▸ **EXERCISE GOAL**:
Take the listing below and print exactly the lines starting at the line containing "text 3D SPLIT" and ending at the line containing "text 1D CON", both ends included, and no others.

▸ **SUPPLIED DATA**:
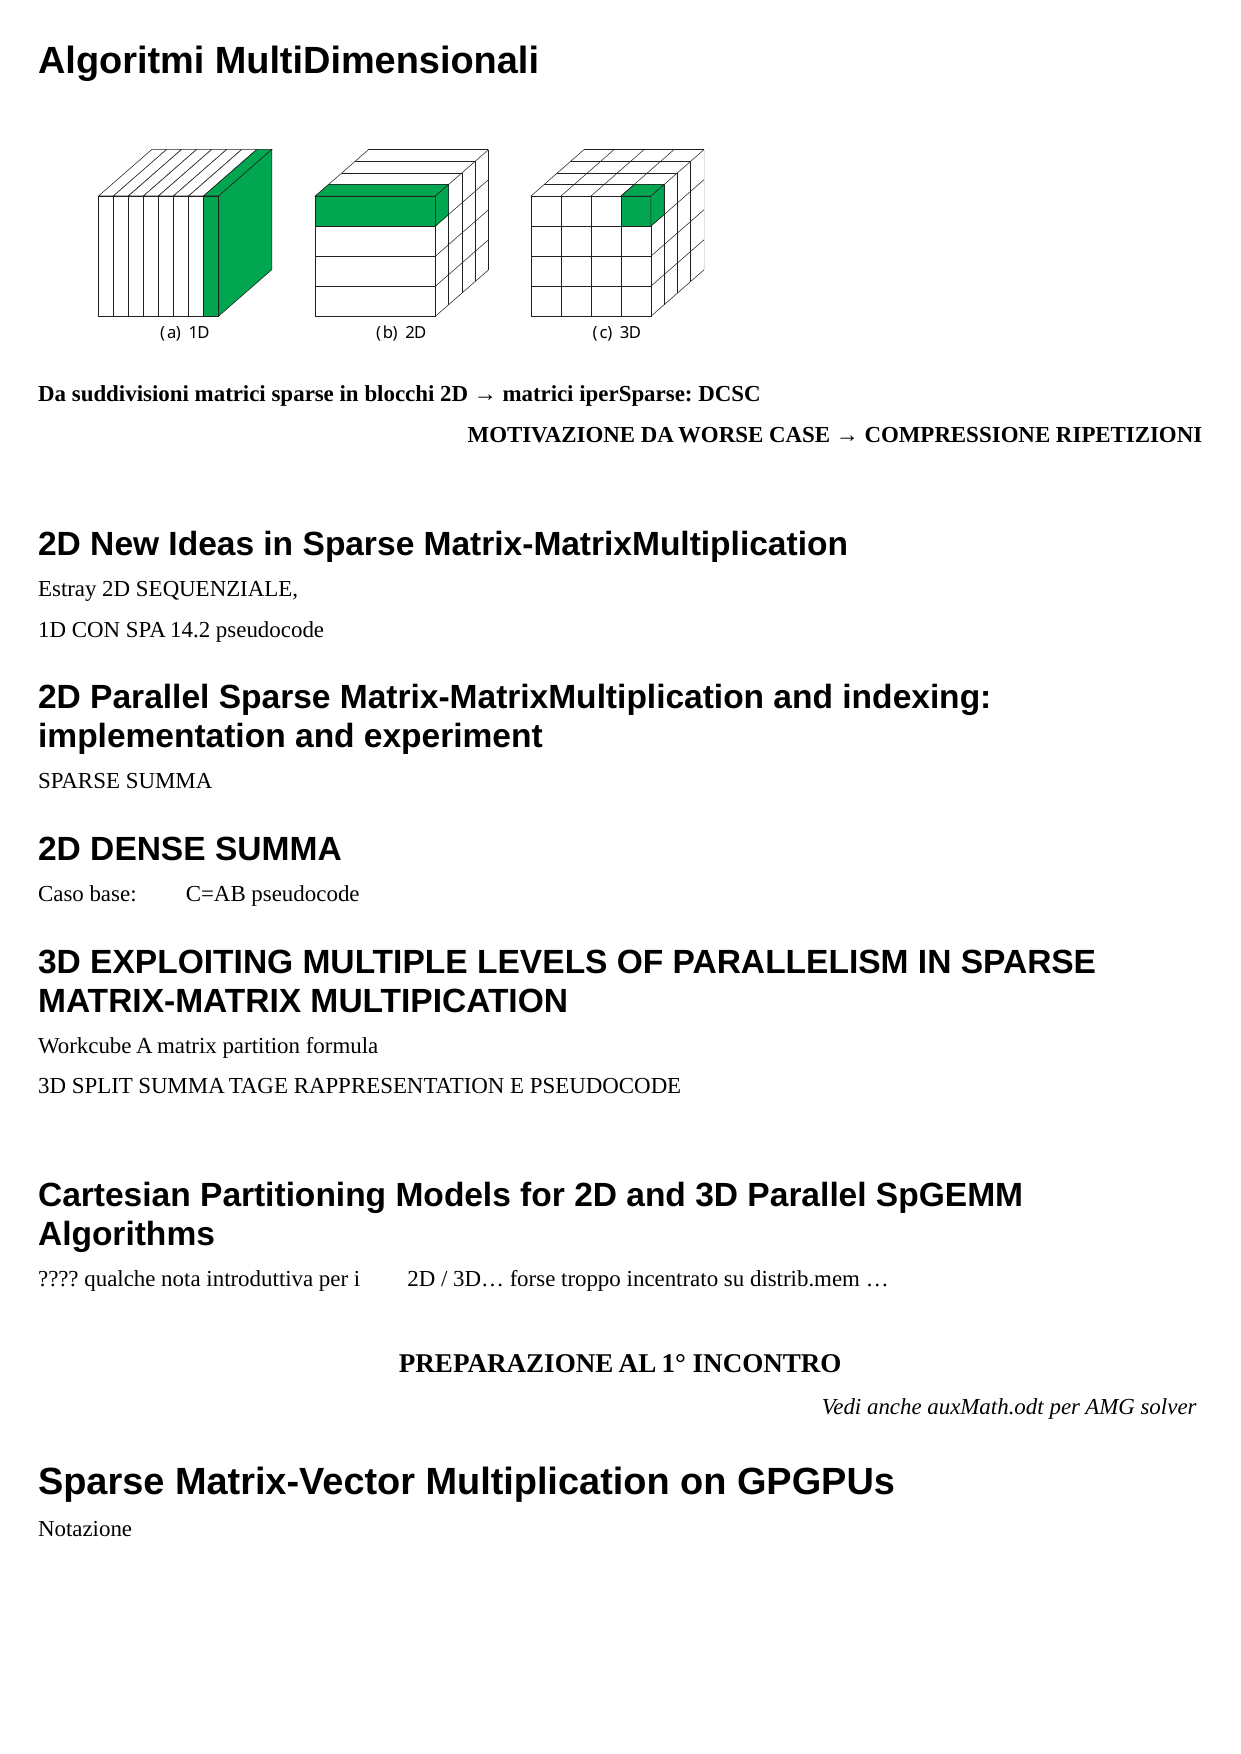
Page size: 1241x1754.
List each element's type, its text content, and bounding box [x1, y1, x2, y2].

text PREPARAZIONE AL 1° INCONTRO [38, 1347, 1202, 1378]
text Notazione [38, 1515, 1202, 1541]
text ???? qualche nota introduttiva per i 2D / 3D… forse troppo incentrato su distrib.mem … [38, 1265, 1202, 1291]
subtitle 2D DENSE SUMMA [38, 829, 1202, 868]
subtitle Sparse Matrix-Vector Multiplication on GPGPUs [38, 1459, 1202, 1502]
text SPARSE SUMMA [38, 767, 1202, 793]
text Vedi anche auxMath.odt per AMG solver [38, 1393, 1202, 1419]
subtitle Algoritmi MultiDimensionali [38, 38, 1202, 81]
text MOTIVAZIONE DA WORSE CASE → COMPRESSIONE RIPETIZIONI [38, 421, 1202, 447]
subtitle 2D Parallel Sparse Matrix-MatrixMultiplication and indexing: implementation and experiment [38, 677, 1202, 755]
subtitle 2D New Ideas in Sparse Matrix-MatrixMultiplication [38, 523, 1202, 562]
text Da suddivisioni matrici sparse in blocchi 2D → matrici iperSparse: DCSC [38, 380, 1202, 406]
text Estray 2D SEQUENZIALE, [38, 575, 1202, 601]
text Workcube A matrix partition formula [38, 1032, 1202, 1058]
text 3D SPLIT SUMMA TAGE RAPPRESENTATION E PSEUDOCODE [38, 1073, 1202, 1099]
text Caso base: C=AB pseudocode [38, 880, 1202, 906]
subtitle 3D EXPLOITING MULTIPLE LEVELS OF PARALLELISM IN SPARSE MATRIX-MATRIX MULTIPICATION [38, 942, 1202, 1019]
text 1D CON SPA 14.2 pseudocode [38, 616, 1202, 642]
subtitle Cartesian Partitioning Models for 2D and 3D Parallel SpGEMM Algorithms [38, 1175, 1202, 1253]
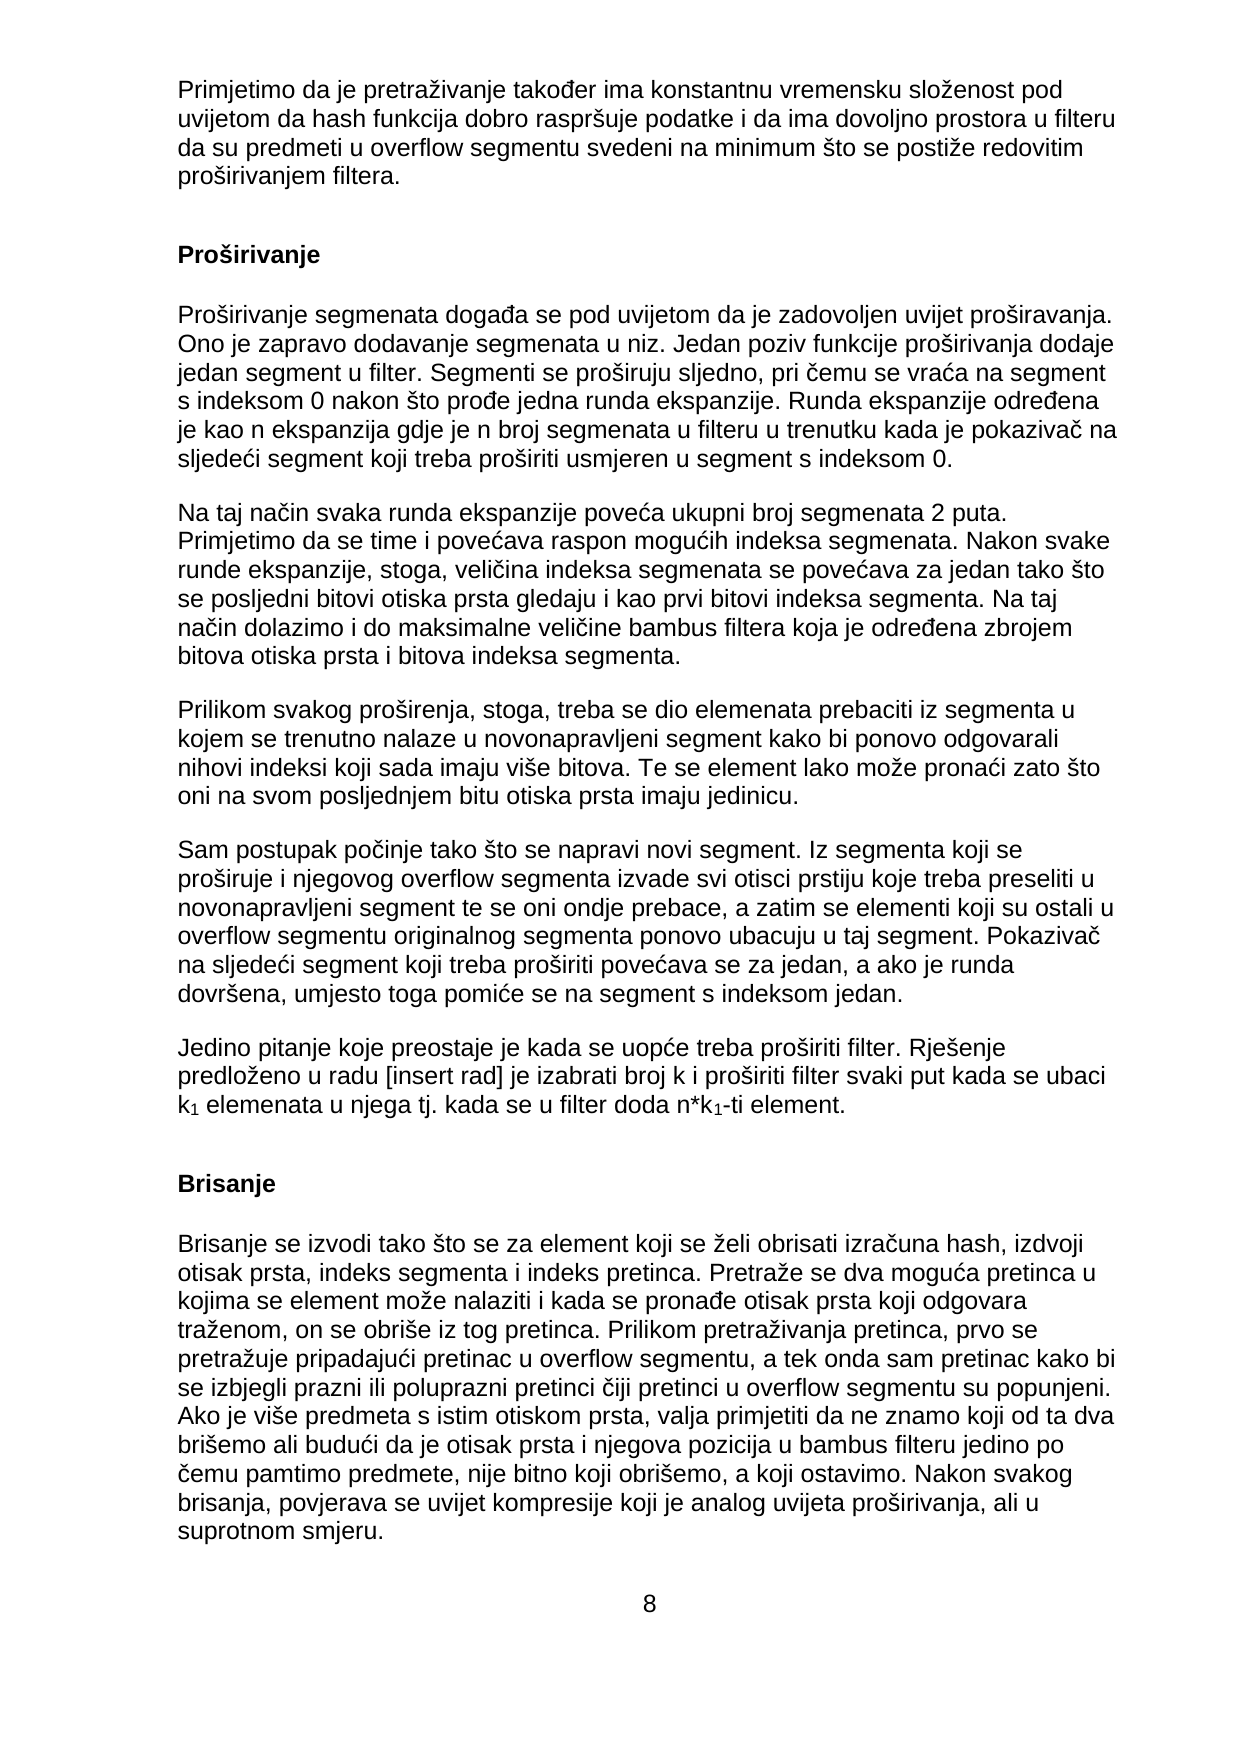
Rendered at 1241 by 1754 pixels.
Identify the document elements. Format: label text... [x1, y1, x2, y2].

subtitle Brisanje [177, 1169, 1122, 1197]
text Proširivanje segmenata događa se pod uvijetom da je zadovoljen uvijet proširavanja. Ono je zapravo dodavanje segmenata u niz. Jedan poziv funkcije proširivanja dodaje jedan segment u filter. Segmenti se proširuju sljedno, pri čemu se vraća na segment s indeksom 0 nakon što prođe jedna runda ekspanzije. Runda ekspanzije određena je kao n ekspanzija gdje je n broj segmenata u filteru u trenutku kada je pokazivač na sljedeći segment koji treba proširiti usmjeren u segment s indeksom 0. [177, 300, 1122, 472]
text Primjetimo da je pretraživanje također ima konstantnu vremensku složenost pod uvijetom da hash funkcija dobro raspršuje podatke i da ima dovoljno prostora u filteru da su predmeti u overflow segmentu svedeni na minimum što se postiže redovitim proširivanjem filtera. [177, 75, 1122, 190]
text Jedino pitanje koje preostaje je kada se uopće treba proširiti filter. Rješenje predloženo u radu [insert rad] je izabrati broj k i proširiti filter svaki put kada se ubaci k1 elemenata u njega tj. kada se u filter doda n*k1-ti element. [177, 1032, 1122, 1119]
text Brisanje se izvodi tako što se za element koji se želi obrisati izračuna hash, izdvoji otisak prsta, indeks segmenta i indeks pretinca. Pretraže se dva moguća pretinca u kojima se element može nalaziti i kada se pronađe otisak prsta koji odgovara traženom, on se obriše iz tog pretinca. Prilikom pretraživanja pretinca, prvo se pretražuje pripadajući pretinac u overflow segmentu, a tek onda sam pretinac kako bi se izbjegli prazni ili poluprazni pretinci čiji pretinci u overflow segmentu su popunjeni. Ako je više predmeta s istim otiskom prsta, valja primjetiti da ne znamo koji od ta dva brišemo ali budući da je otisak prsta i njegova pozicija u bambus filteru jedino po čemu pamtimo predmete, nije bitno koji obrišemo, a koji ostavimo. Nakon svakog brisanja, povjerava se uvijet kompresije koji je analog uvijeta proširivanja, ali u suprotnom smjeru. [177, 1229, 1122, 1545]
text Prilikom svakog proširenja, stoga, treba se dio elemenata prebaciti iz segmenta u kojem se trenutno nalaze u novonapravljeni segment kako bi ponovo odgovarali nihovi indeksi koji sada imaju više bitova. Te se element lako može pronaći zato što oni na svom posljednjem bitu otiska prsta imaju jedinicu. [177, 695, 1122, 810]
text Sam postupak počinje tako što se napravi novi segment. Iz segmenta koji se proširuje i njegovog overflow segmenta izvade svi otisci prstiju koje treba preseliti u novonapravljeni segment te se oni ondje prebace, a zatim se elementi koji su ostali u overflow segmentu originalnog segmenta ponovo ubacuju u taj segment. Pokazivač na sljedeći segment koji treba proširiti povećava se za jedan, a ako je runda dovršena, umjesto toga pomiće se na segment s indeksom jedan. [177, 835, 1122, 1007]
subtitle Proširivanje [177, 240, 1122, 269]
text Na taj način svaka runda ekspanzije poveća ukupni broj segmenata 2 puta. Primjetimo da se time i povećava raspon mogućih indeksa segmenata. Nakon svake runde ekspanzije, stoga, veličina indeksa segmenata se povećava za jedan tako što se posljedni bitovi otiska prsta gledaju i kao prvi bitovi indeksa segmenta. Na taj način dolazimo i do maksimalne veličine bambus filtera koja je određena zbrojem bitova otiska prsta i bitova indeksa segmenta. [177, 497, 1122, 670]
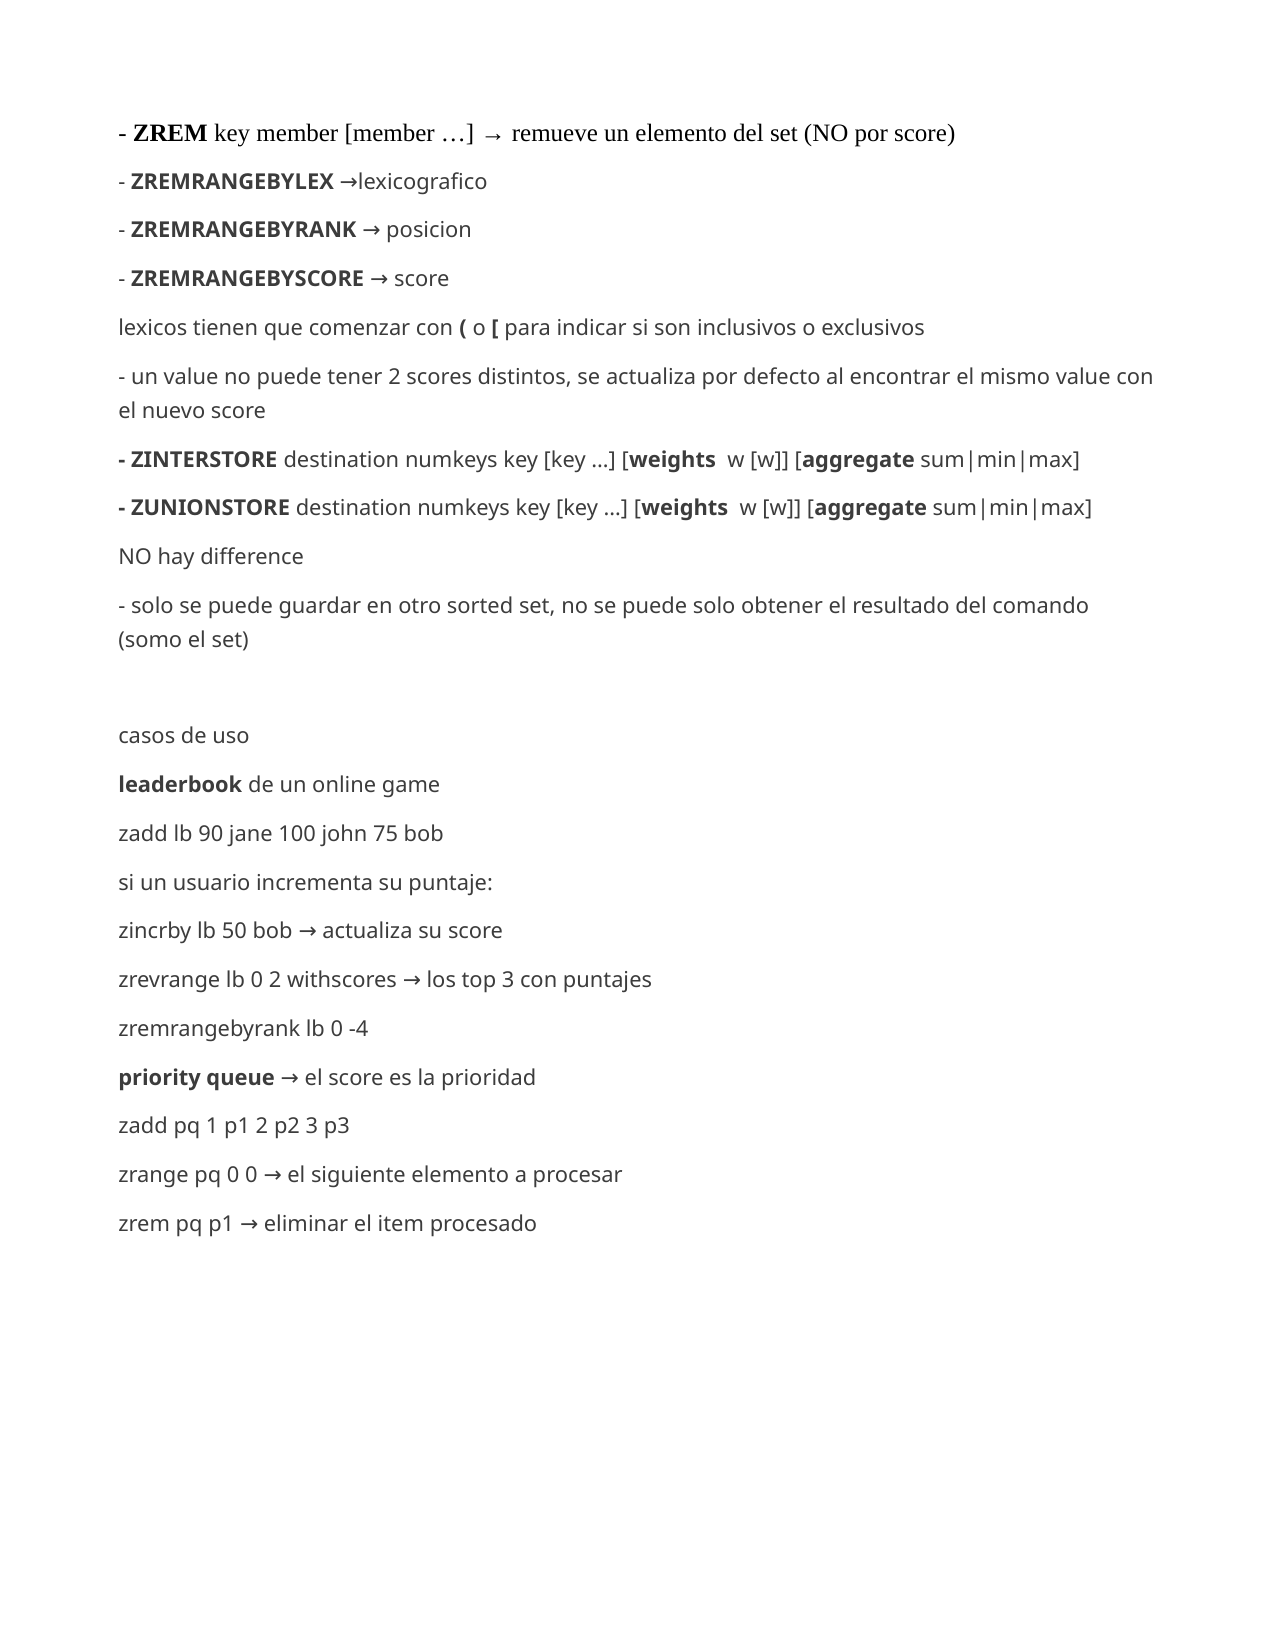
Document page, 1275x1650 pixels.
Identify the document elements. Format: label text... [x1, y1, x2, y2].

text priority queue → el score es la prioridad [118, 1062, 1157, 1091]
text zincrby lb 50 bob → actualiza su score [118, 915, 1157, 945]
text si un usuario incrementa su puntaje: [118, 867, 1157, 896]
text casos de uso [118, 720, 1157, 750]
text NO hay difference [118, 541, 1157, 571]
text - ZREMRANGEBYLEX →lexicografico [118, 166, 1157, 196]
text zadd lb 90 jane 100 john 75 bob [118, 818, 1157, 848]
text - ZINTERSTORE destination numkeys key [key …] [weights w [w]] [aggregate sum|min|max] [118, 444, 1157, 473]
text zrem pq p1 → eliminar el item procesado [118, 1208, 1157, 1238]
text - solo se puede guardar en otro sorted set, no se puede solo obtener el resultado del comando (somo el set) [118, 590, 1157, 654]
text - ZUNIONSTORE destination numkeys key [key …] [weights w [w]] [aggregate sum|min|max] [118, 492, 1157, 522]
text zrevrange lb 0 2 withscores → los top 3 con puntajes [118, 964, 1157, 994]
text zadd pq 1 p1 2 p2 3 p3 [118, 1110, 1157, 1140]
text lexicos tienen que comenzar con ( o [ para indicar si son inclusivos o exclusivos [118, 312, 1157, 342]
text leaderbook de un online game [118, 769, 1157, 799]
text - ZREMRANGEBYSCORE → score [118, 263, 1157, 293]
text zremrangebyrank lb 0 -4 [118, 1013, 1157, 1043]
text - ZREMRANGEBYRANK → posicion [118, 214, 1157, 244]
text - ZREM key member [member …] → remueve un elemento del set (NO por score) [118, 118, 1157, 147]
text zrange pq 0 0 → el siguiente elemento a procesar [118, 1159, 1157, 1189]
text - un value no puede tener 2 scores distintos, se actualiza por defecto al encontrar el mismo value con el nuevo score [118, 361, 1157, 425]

▸ **ANSWER BOX**:
text 3D SPLIT SUMMA TAGE RAPPRESENTATION E PSEUDOCODE [38, 1073, 1202, 1099]
text Caso base: C=AB pseudocode [38, 880, 1202, 906]
subtitle 3D EXPLOITING MULTIPLE LEVELS OF PARALLELISM IN SPARSE MATRIX-MATRIX MULTIPICATION [38, 942, 1202, 1019]
text 1D CON SPA 14.2 pseudocode [38, 616, 1202, 642]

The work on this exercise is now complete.